It was, however, Rapp’s disappointing six cylinder engine that led the war ministry to inspect Rapp’s operations with a view to turning Rapp into a repair depot for engines, effectively ending new engine production. But during a lunch break with the inspectors, according to some tellings of the tale, Popp managed to have the plans of the new high altitude six cylinder engine revealed. The inspectors were won over – Rapp Motorenwerke was rescued. Or was it . . .
The new Type III motor, given a Type IIIa classification, was good enough to win a contract, but the board removed Rapp from control of his eponymous company and decided, towards the end of July 1917, to reform the company as Bayerisches Motoren Werke G.m.b.H. And here then, the first incarnation of BMW is born.
Friz’s Type IIIa six cylinder was superficially similar to the Daimler Type III, not surprising since Friz had worked for Daimler. They both were single overhead cam engines with exposed valve springs, individual cylinders on a common crankcase. But the BMW Type IIIa was a high compression engine (high compression being a relative thing given the 60 or so octane rating of the available aviation fuel).
The new BMW Type IIIa was eventually equipped with an altitude compensating carburettor. This carburettor allowed air to be choked at ground level, reducing the available HP, while admitting more air at altitude allowing the engine to perform within the desired power band. It allowed the engine to be lighter than an equivalent engine without the altitude compensating carburettor.
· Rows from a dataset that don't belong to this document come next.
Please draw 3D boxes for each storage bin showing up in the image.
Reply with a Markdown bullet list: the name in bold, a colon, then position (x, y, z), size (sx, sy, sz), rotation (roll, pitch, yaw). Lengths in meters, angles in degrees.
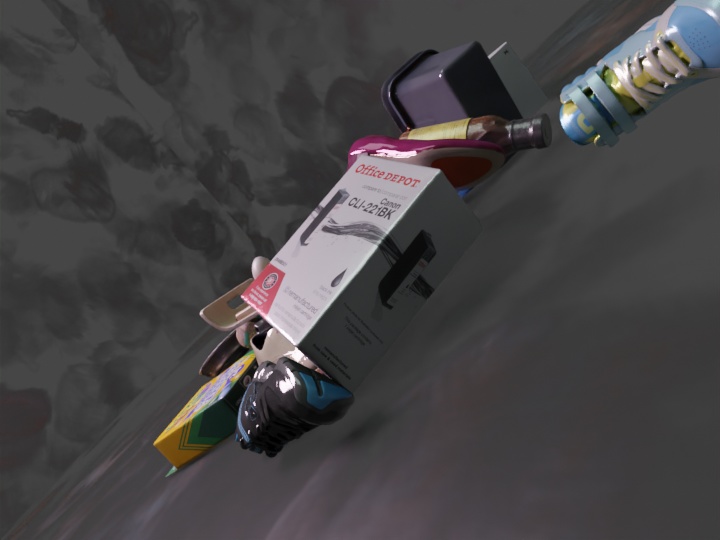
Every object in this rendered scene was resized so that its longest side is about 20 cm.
- **storage bin**: position (0.139, -0.220, 0.858), size (0.145, 0.201, 0.134), rotation (-43, 18, -17)

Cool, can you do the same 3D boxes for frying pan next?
- **frying pan**: position (-0.182, 0.113, 0.921), size (0.115, 0.031, 0.190), rotation (-49, -7, 15)

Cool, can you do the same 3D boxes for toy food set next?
- **toy food set**: position (-0.090, -0.007, 0.739), size (0.198, 0.061, 0.143), rotation (-32, 5, 23)

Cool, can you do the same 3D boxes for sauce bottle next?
- **sauce bottle**: position (0.143, -0.164, 0.770), size (0.198, 0.067, 0.066), rotation (-3, 33, 37)

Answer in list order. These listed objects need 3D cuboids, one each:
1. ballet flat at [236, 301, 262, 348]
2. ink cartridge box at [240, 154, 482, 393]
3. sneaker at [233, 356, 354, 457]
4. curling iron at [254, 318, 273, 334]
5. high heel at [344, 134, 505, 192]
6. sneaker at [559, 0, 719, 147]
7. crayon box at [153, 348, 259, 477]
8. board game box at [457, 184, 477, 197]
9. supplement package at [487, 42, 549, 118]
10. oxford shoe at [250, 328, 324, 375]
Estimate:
- **ballet flat**: position (-0.132, 0.050, 0.880), size (0.200, 0.067, 0.068), rotation (-50, -26, -61)
- **ink cartridge box**: position (-0.002, -0.007, 0.575), size (0.201, 0.084, 0.144), rotation (-50, 33, -10)
- **sneaker**: position (-0.063, 0.126, 0.518), size (0.083, 0.073, 0.200), rotation (-62, 10, -19)
- **curling iron**: position (-0.043, 0.020, 0.685), size (0.199, 0.026, 0.049), rotation (-38, 7, -40)
- **high heel**: position (0.071, -0.140, 0.686), size (0.197, 0.068, 0.097), rotation (-2, 50, 25)
- **sneaker**: position (0.235, -0.156, 0.490), size (0.130, 0.080, 0.200), rotation (-38, 0, 10)
- **crayon box**: position (-0.192, 0.185, 0.799), size (0.199, 0.052, 0.126), rotation (-37, 10, 33)
- **board game box**: position (0.075, -0.031, 0.718), size (0.199, 0.039, 0.158), rotation (-40, 3, -18)
- **supplement package**: position (0.203, -0.278, 1.039), size (0.120, 0.122, 0.200), rotation (-43, 8, -15)
- **oxford shoe**: position (-0.070, 0.083, 0.673), size (0.199, 0.074, 0.071), rotation (-31, 11, 47)
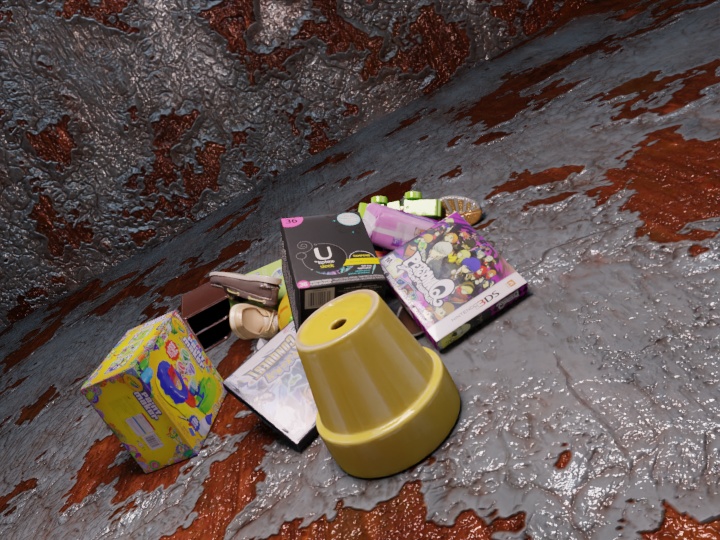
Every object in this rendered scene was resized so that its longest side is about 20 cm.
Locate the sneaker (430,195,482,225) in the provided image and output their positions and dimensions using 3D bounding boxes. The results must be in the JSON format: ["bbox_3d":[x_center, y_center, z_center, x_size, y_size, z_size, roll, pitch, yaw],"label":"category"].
[{"bbox_3d":[0.184,-0.129,1.415,0.198,0.077,0.087,-6,7,26],"label":"sneaker"}]

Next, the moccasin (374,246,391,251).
[{"bbox_3d":[0.071,-0.058,1.325,0.198,0.069,0.081,-11,-10,-7],"label":"moccasin"}]

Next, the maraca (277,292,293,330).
[{"bbox_3d":[-0.112,0.091,1.206,0.106,0.139,0.200,12,13,7],"label":"maraca"}]

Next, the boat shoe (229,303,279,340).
[{"bbox_3d":[-0.191,0.104,1.258,0.068,0.075,0.200,-9,-13,19],"label":"boat shoe"}]

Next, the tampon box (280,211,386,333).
[{"bbox_3d":[-0.053,0.008,1.081,0.148,0.127,0.201,-6,40,-13],"label":"tampon box"}]

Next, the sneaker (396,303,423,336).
[{"bbox_3d":[0.131,0.048,1.108,0.200,0.073,0.085,-46,-9,-21],"label":"sneaker"}]

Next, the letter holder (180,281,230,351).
[{"bbox_3d":[-0.368,0.101,1.577,0.141,0.101,0.200,-30,20,-7],"label":"letter holder"}]

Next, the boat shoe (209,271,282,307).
[{"bbox_3d":[-0.243,0.037,1.282,0.198,0.060,0.072,4,-3,36],"label":"boat shoe"}]

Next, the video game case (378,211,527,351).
[{"bbox_3d":[0.147,0.012,1.044,0.180,0.036,0.200,-31,52,-8],"label":"video game case"}]

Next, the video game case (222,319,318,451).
[{"bbox_3d":[-0.095,0.170,1.024,0.180,0.026,0.200,30,55,30],"label":"video game case"}]

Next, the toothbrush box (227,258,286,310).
[{"bbox_3d":[-0.174,0.041,1.380,0.198,0.087,0.145,-21,-16,20],"label":"toothbrush box"}]

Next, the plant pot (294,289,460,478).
[{"bbox_3d":[0.009,0.140,0.846,0.199,0.190,0.201,-26,21,11],"label":"plant pot"}]

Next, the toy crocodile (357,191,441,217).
[{"bbox_3d":[0.084,-0.132,1.382,0.198,0.068,0.062,-4,-9,19],"label":"toy crocodile"}]

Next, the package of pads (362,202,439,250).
[{"bbox_3d":[0.104,-0.072,1.232,0.198,0.076,0.121,14,14,-14],"label":"package of pads"}]

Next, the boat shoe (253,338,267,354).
[{"bbox_3d":[-0.172,0.180,1.167,0.069,0.073,0.199,-60,13,-2],"label":"boat shoe"}]

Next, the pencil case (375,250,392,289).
[{"bbox_3d":[0.000,0.000,1.273,0.198,0.089,0.089,1,32,26],"label":"pencil case"}]

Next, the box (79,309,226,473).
[{"bbox_3d":[-0.369,0.219,1.148,0.121,0.201,0.193,-23,22,16],"label":"box"}]
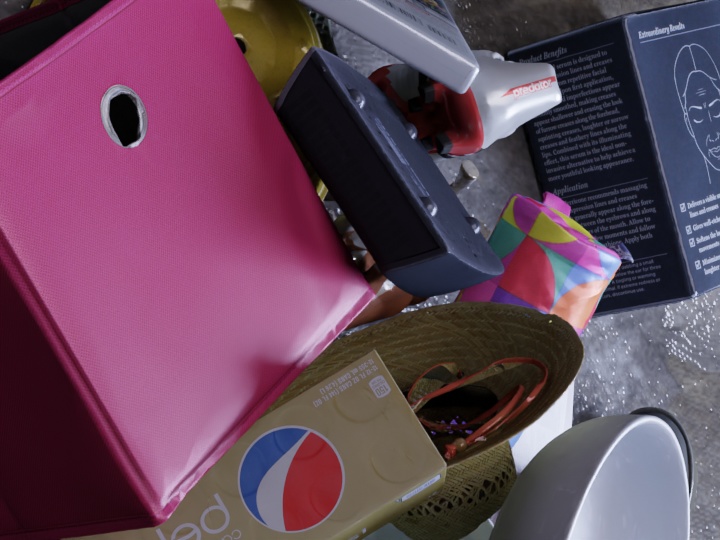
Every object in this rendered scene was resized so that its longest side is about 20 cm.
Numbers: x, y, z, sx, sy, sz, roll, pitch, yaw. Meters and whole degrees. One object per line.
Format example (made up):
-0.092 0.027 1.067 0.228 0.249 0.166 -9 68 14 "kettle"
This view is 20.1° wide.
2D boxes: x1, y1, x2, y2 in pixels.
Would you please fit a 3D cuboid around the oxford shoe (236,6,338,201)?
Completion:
-0.046 -0.126 1.229 0.075 0.058 0.201 -22 82 -30 "oxford shoe"

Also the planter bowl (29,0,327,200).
-0.082 -0.110 1.116 0.200 0.083 0.201 10 68 -25 "planter bowl"

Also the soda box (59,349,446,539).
-0.060 0.121 0.955 0.200 0.064 0.068 -30 77 -8 "soda box"

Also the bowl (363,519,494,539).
-0.014 0.197 1.126 0.200 0.090 0.202 14 50 -17 "bowl"

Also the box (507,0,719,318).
0.210 -0.083 1.454 0.148 0.107 0.201 -17 93 -48 "box"

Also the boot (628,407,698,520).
0.166 0.144 1.323 0.200 0.072 0.183 52 43 -57 "boot"

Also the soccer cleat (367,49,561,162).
0.056 -0.099 1.230 0.085 0.200 0.069 -17 96 -14 "soccer cleat"

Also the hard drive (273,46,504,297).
0.016 -0.045 1.063 0.135 0.042 0.200 57 8 8 "hard drive"

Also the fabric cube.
-0.151 -0.005 0.972 0.196 0.200 0.200 -45 113 -45 "fabric cube"

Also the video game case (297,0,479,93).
-0.033 -0.179 1.151 0.200 0.023 0.182 28 17 -16 "video game case"

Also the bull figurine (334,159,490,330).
0.000 0.000 1.209 0.065 0.121 0.200 54 36 7 "bull figurine"

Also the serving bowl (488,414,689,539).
0.108 0.171 1.069 0.200 0.066 0.201 -25 119 -57 "serving bowl"

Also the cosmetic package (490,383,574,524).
0.091 0.140 1.309 0.082 0.051 0.201 26 62 -46 "cosmetic package"

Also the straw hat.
0.037 0.100 1.094 0.201 0.200 0.085 -46 122 -43 "straw hat"

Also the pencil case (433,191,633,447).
0.083 0.050 1.238 0.088 0.088 0.200 27 96 -40 "pencil case"

The BMW six cylinder was approved for production and the war ministry wasted no time in installing them in the Fokker D.VII(F) – ‘F’ for Friz. The Fokker D.VII was one of the best fighter aircraft built during the Great War and with the addition of the BMW Type IIIa engine it became even better. Pilots clamored to get into the D.VII(F) thanks to the enhanced performance offered by fitting Friz’s high altitude engine.
And with the success of the BMW Type IIIa, BMW production took off – soon they had outgrown the space at Schleissheimerstrasse and outgrown the G.m.b.H. designation. The new BMW moved to Moosacherstrasse and became an Aktiengesellschaft (AG), a public company. The shadowy Viennese financier and aviation enthusiast Camillo Castiglioni was involved in Rapp through Popp and then fully involved in BMW. There is some thought that he had a hand in ensuring the Austro-Daimler contract went to Rapp, on Popp’s recommendation. And it was Castiglioni that would see to BMW AG’s financial future, however uncertain that was in late 1917.
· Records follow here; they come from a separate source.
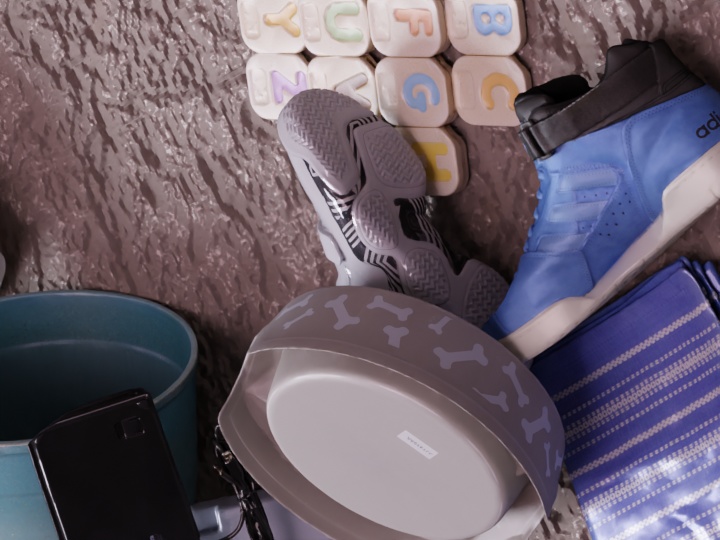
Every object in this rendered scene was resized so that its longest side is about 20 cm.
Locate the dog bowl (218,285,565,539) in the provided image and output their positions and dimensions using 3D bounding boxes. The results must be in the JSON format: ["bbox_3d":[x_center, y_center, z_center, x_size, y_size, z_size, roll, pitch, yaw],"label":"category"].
[{"bbox_3d":[0.021,0.086,1.619,0.199,0.059,0.200,20,147,13],"label":"dog bowl"}]

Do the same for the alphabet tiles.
[{"bbox_3d":[0.007,-0.140,1.660,0.195,0.015,0.201,5,109,36],"label":"alphabet tiles"}]

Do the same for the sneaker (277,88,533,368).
[{"bbox_3d":[0.000,0.000,1.666,0.115,0.075,0.200,-34,96,41],"label":"sneaker"}]

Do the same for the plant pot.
[{"bbox_3d":[-0.189,0.139,1.806,0.199,0.200,0.189,13,121,33],"label":"plant pot"}]

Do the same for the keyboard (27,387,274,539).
[{"bbox_3d":[-0.102,0.160,1.696,0.127,0.021,0.201,-17,106,-1],"label":"keyboard"}]

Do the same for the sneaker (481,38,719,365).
[{"bbox_3d":[0.110,-0.040,1.571,0.111,0.077,0.200,49,122,5],"label":"sneaker"}]

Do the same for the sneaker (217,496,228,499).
[{"bbox_3d":[-0.044,0.234,1.800,0.082,0.075,0.201,-9,100,41],"label":"sneaker"}]

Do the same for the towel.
[{"bbox_3d":[0.167,0.109,1.591,0.145,0.024,0.201,-35,67,41],"label":"towel"}]

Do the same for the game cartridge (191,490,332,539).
[{"bbox_3d":[-0.015,0.220,1.747,0.133,0.040,0.201,-10,101,7],"label":"game cartridge"}]

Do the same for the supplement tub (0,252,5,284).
[{"bbox_3d":[-0.333,-0.034,1.873,0.200,0.144,0.145,44,128,16],"label":"supplement tub"}]
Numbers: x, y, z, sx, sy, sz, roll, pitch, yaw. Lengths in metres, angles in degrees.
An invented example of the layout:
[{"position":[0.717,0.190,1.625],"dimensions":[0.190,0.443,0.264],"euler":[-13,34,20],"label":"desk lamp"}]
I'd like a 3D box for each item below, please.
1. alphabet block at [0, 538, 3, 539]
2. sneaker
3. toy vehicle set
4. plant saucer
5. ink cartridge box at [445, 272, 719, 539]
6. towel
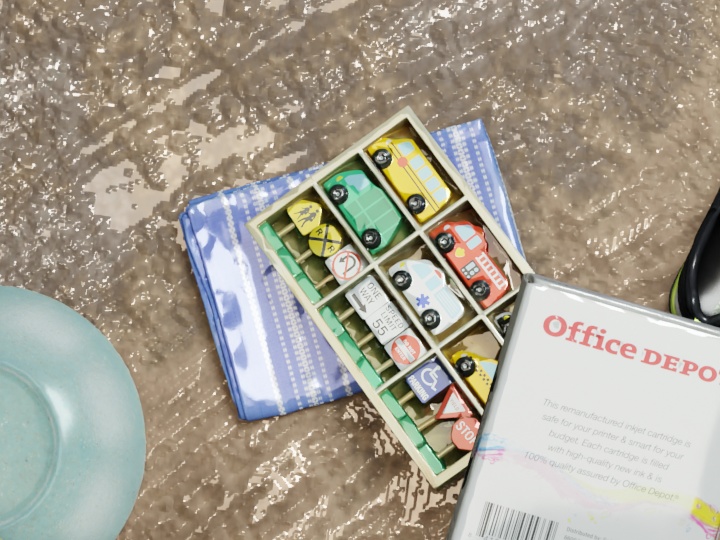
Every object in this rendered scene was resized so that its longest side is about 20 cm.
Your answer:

The Great War appeared interminable and the stress on the German folk was growing. The revolution that led to Russia’s exit from the war was primed to move westward to Germany, and it found fertile ground in the socialist opposition the Kaiser’s policies. As BMW continued to build its Type IIIa high altitude engine, and variants, things were going badly for the Germany.
Sailors revolted in October 1918 in several German naval ports including Wilhelmshaven and Kiel. This action led to a proclamation of a German Republic on 9 November 1918 followed shortly by the abdication of the Kaiser and the cessation of hostilities (the armistice of 11 November 1918). The country was thrown into turmoil as veterans battled workers’ councils for control of cities and the country. Munich was not spared this strife, a series of governments that formed and collapsed between November 1918 and May 1919 added to the chaos.
Unresolved, at the time, was the fate of the aviation industry in Germany. The contracts for flying machines had dried up but worse was to come with the signing of the Treaty of Versailles in June, 1919. That treaty forbids the manufacture of military aircraft and engines which forces the destruction of a great deal of industrial infrastructure in Germany and sends BMW scrambling for work.
The apogee of BMW’s short history of building aviation engines came when Franz Zeno Diemer achieved an altitude record in June 1919, unrecognized due to Germany’s exclusion from the Fédération Aéronautique Internationale (FAI). The BMW supplied engine was an improvement from the original high altitude Type IIIa and was classified as a Type IV. Diemer reached an altitude of 32,000 (without oxygen). This attempt became the swan song of the German aviation industry for the foreseeable future.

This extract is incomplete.